## What is needed
Only lines holding the word "have" should be copied from the material.

## Raw data
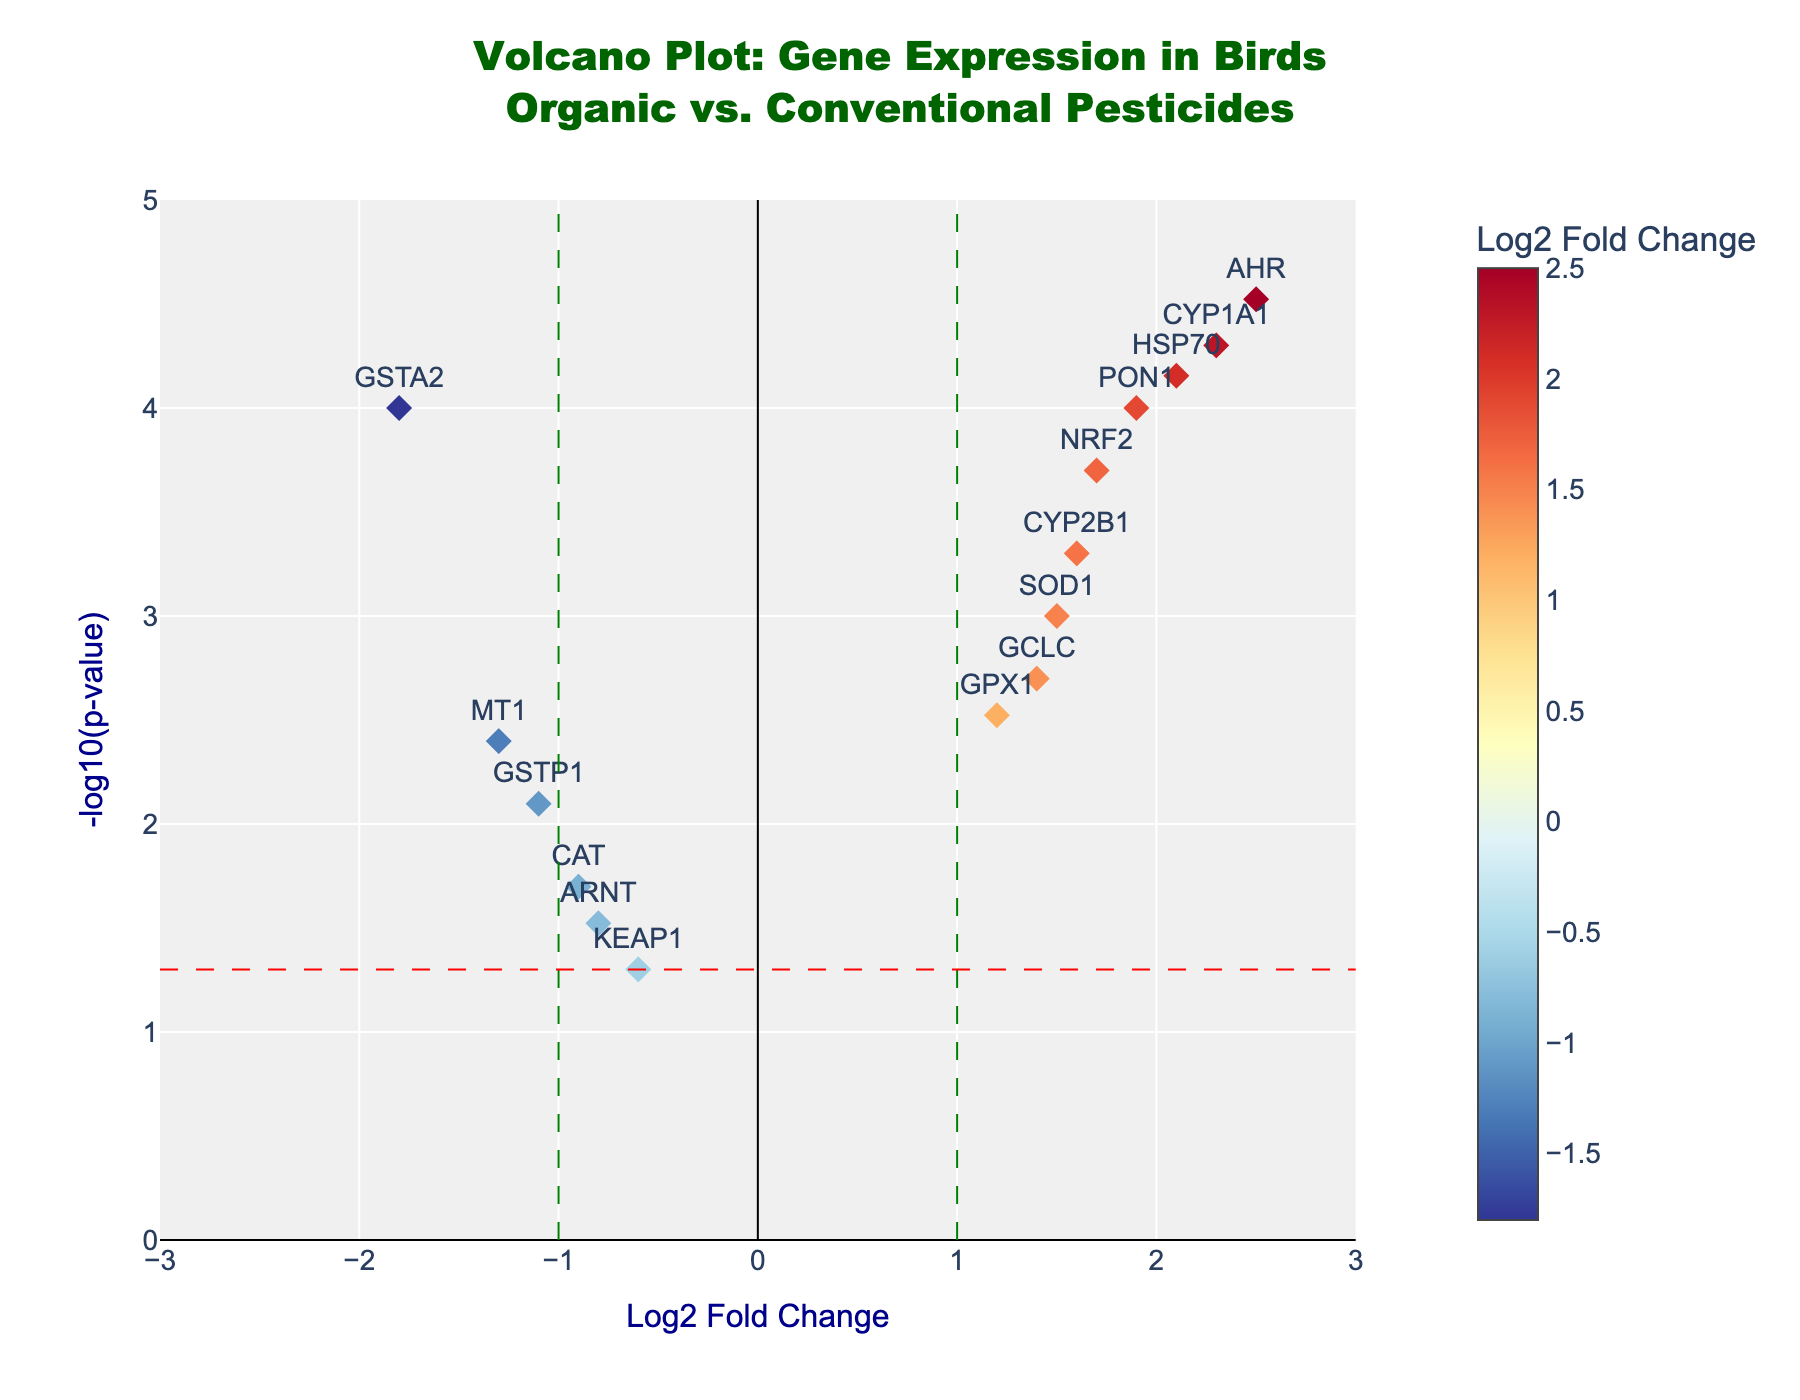what's the title of the plot? The title of the plot is usually located at the top center of the figure. Read the text displayed there to find the title.
Answer: Volcano Plot: Gene Expression in Birds<br>Organic vs. Conventional Pesticides what are the axes labels? The labels for the axes are found next to the axes themselves, usually at the ends closest to the origin.
Answer: Log2 Fold Change for the x-axis and -log10(p-value) for the y-axis how many data points are plotted? Count the number of visible markers (diamond shapes) representing the data points.
Answer: 15 which gene has the highest log2 fold change? Identify the gene with the highest x-axis value (log2 fold change).
Answer: AHR how many genes have a statistically significant p-value (p < 0.05)? Identify genes with y-axis values higher than the horizontal red dashed line (-log10(0.05)). Count these data points.
Answer: 11 which gene has the highest -log10(p-value)? Identify the gene with the highest y-axis value.
Answer: AHR how many genes have a log2 fold change less than -1? Identify data points on the left side of the vertical green dashed line at x = -1 and count them.
Answer: 2 which genes are above the significance threshold and have a positive log2 fold change? Identify data points above the red dashed line and to the right of the origin (x > 0).
Answer: CYP1A1, SOD1, GPX1, NRF2, HSP70, PON1, GCLC, CYP2B1 which gene has the smallest p-value? Identify the gene with the highest y-axis value since -log10(p-value) increases with smaller p-values.
Answer: AHR how many genes show downregulation (negative log2 fold change)? Identify markers to the left of the origin (x < 0) and count them.
Answer: 5 
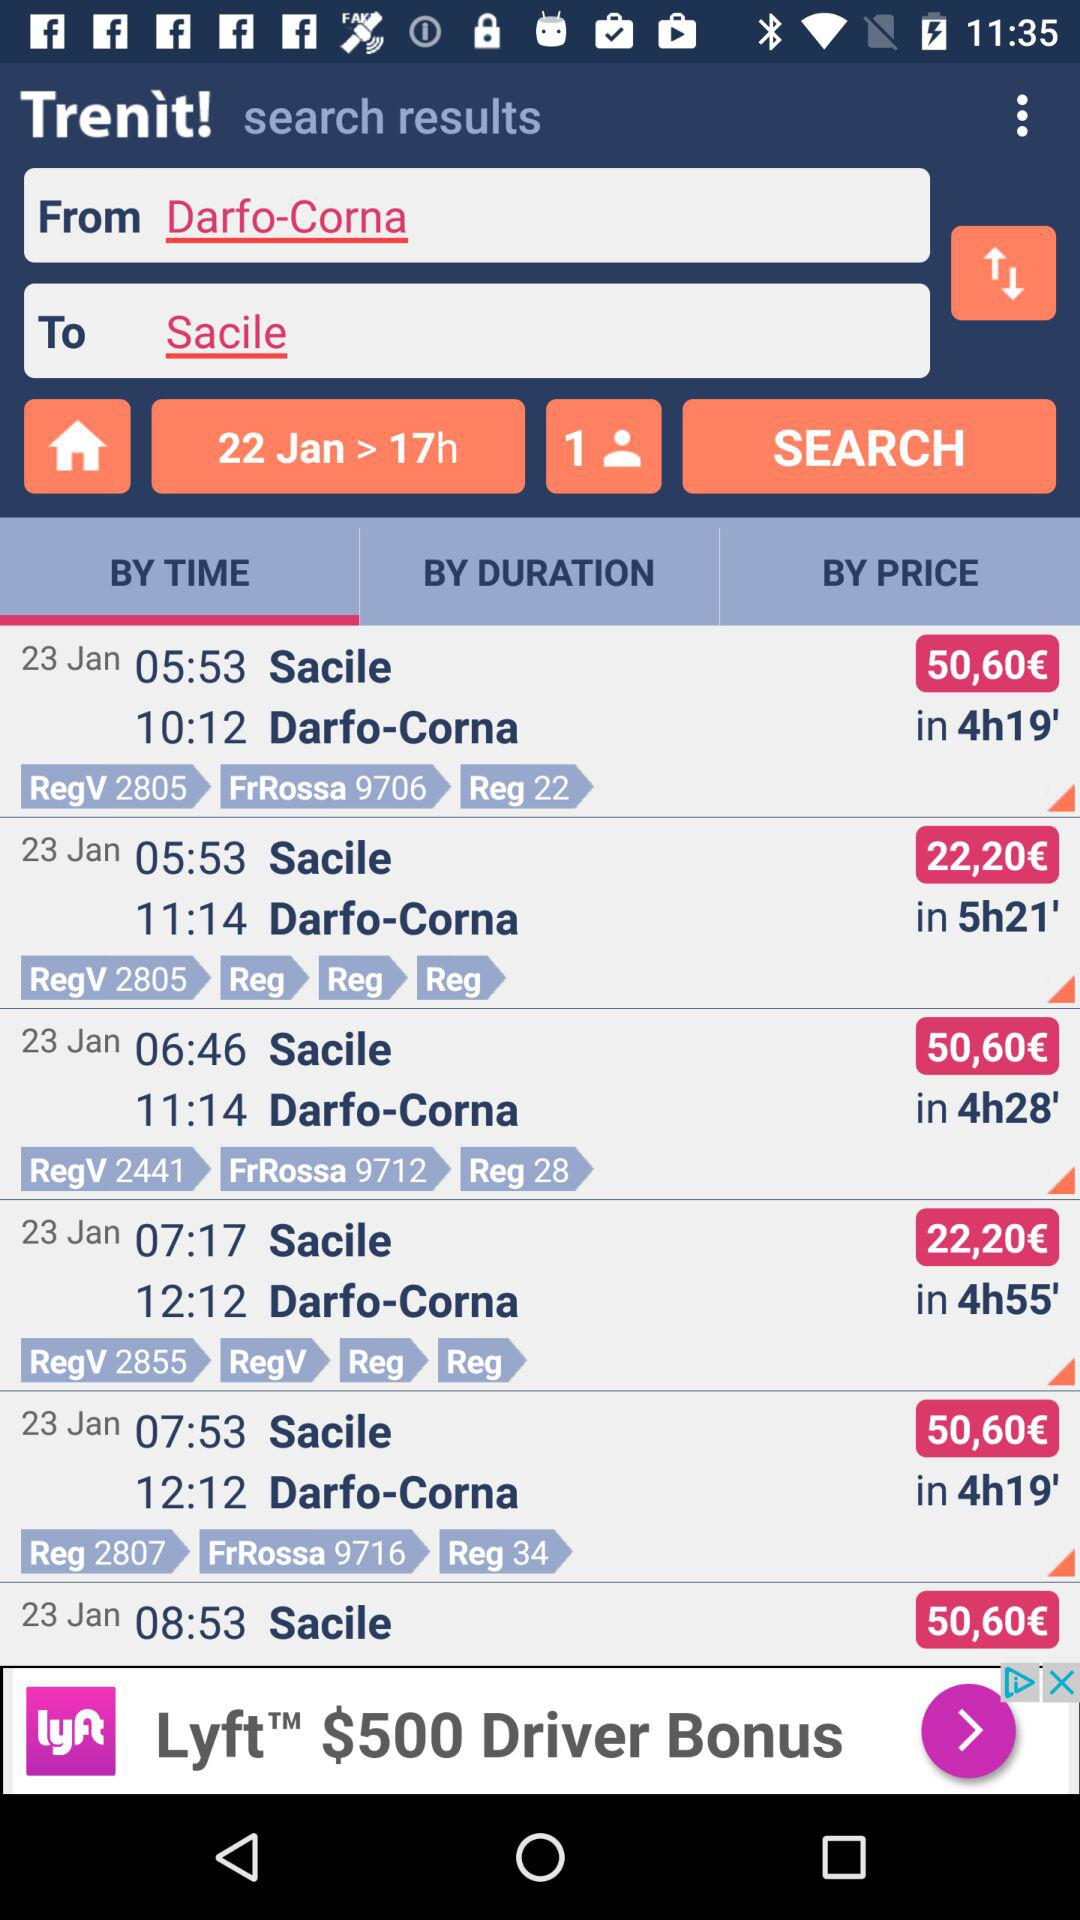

## Solution for this problem
Answer: AHR how many genes have a statistically significant p-value (p < 0.05)? Identify genes with y-axis values higher than the horizontal red dashed line (-log10(0.05)). Count these data points.
Answer: AHR how many genes have a log2 fold change less than -1? Identify data points on the left side of the vertical green dashed line at x = -1 and count them.
Answer: 2 which genes are above the significance threshold and have a positive log2 fold change? Identify data points above the red dashed line and to the right of the origin (x > 0).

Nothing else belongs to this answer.